The professional stakes have also increased alongside the organization. What has surprised them most isn’t just the scale, but how real the experience feels.
“I’ve been surprised by the community and just the growth of it, and how quickly it’s taken over campus,” Annelise said. “People write about The Vault in their college essays now. Every year I meet so many new people, especially freshmen, who are so qualified and so talented. It’s wild to see who walks through the door each semester.”
At the same time, opportunities keep raising the bar for what feels possible.
At the same time, opportunities keep raising the bar for what feels possible.
Vesa’s summer at Akris, the Swiss luxury fashion house, as a visual merchandising intern shaped how she understands leadership and collaboration.
Looking back on this experience, she talked about the environment she learned to navigate: “In the fashion industry you deal with people who have personalities just as big as yours, who are just as eager and willing to dive in. It’s amazing to be surrounded by people that are driven, but it can also be overwhelming.”
Despite this struggle, she shares the lesson she took from it and now carries into the Vault:. “At some point, you have to trust yourself and make a call, knowing not everyone will agree,” Vesa said. “You live and you learn, and you don’t let that knock you down.”
Vesa’s experience helped her make decisive calls, steady herself in chaotic moments and trust her own voice, making her a sharp and instinctive leader.
For Annelise, summer took a different shape. Instead of one traditional internship, she juggled three jobs and planned out The Vault’s semester.
“If I’d had a big internship, I wouldn’t have been able to do the work I did for the partnership over the summer,” she said. “At the time it was frustrating — you don’t always see the payoff right away. But now I can see it was exactly how it was supposed to be.”
Her experiences became a lesson in trusting the process, shaping the confident leader she is within The Vault today.
With all the planning and preparation, the heart of The Vault still begins with something simple: fashion. Annelise describes her style as practical, Scandinavian and lagom — a Swedish word for “just the right amount.”
“Living in Denmark changed how I dress,” she said. “It’s minimal but intentional.”
Their inspirations spill into music and media. Annelise has been on a deep dive into international music — Spanish reggaeton, French R&B, Danish rap — and finds herself drawn to the understated authenticity of Danish vloggers.
Vesa, on the other hand, has been on a rock kick lately and leaned into the style she developed while studying abroad.
“Paris and Italy really shaped me — lace, blazers, sharp denim. I like drama, classy and chic bombshell energy.”
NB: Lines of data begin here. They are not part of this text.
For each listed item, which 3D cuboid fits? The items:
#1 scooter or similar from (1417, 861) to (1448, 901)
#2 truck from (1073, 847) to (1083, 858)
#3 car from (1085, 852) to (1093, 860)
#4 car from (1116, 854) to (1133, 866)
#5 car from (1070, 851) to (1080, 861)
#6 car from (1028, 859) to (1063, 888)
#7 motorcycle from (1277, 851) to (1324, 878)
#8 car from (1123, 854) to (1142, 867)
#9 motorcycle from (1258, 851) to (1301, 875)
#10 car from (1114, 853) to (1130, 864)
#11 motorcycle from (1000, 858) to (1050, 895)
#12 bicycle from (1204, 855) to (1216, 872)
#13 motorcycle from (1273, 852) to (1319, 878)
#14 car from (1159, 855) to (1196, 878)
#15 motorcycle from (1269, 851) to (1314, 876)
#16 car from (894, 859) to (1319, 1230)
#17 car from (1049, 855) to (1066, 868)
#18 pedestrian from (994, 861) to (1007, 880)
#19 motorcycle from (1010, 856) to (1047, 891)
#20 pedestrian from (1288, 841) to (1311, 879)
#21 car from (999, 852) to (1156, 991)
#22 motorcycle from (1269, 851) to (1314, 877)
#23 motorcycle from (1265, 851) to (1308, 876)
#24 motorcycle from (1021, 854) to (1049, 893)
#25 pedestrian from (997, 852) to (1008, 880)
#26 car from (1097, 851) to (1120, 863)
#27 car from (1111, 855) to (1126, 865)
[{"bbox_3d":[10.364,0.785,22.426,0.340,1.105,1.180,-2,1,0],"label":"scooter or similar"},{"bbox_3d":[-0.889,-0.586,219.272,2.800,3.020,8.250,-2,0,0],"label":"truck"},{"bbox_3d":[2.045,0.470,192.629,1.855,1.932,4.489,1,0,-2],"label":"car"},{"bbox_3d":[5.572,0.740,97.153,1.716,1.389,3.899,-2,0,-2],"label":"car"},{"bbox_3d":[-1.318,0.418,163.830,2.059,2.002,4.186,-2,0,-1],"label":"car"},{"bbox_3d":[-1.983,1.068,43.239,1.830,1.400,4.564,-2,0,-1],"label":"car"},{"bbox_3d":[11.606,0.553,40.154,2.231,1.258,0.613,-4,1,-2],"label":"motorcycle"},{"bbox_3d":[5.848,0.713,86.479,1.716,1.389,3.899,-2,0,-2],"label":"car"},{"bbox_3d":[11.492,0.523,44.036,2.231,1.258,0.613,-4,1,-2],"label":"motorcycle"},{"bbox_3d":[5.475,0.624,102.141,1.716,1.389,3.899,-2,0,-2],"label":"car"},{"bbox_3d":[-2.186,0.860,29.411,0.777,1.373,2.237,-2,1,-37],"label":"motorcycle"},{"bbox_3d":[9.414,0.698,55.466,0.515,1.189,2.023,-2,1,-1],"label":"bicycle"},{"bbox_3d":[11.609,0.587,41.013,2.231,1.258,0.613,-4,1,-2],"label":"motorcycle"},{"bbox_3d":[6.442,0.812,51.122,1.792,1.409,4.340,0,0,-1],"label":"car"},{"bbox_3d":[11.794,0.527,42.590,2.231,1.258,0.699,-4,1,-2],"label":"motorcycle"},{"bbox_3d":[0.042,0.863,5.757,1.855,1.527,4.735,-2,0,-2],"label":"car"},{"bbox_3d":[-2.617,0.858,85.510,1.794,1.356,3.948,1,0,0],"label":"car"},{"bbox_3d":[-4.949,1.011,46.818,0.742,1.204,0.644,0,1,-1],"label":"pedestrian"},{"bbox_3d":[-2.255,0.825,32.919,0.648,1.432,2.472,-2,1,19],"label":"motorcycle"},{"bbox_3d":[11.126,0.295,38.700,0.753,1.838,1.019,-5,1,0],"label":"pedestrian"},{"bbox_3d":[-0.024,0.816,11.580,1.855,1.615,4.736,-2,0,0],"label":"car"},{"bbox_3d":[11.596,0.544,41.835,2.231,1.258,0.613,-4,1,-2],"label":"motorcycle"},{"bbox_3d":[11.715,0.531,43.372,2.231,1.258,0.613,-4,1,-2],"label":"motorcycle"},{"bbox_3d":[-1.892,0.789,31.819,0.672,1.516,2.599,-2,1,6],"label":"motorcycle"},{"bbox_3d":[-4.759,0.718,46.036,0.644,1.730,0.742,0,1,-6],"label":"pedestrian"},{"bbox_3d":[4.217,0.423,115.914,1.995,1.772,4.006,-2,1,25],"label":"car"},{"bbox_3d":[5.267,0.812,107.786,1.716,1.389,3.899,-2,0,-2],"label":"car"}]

That blend of ambition, aesthetics and community defines the atmosphere of this year.
“Refreshing,” Annelise said.
“Electric,” Vesa added.
It’s this culture of vibrant ideas and passion that builds their confidence in this club’s success for years to come.
“We have so much trust in the people coming after us,” Annelise said. “There will be years of leaders who care and are passionate. We didn’t have this space before, and now that it’s here, there’s nowhere for it to go but forward. I just want that dream-big mentality to stick — that feeling that we can make our own rules.”
Whether members use The Vault to test out a hobby or launch a lifelong career in fashion, Annelise and Vesa want the same thing for everyone:
“Consistent opportunities to step into whatever you want,” Vesa said. “If The Vault gives people that — the confidence to be bold, the community to back them up and the space to dream big — that’s the legacy I hope we leave behind.”
The legacy they’re building is rooted in possibility, stitched together by students who once felt unsure and now standing at the center of one of UW-Madison’s most popular student organizations they helped shape.
And that, more than anything, captures the purpose of The Vault: to educate, inspire and challenge the next generation of creatives.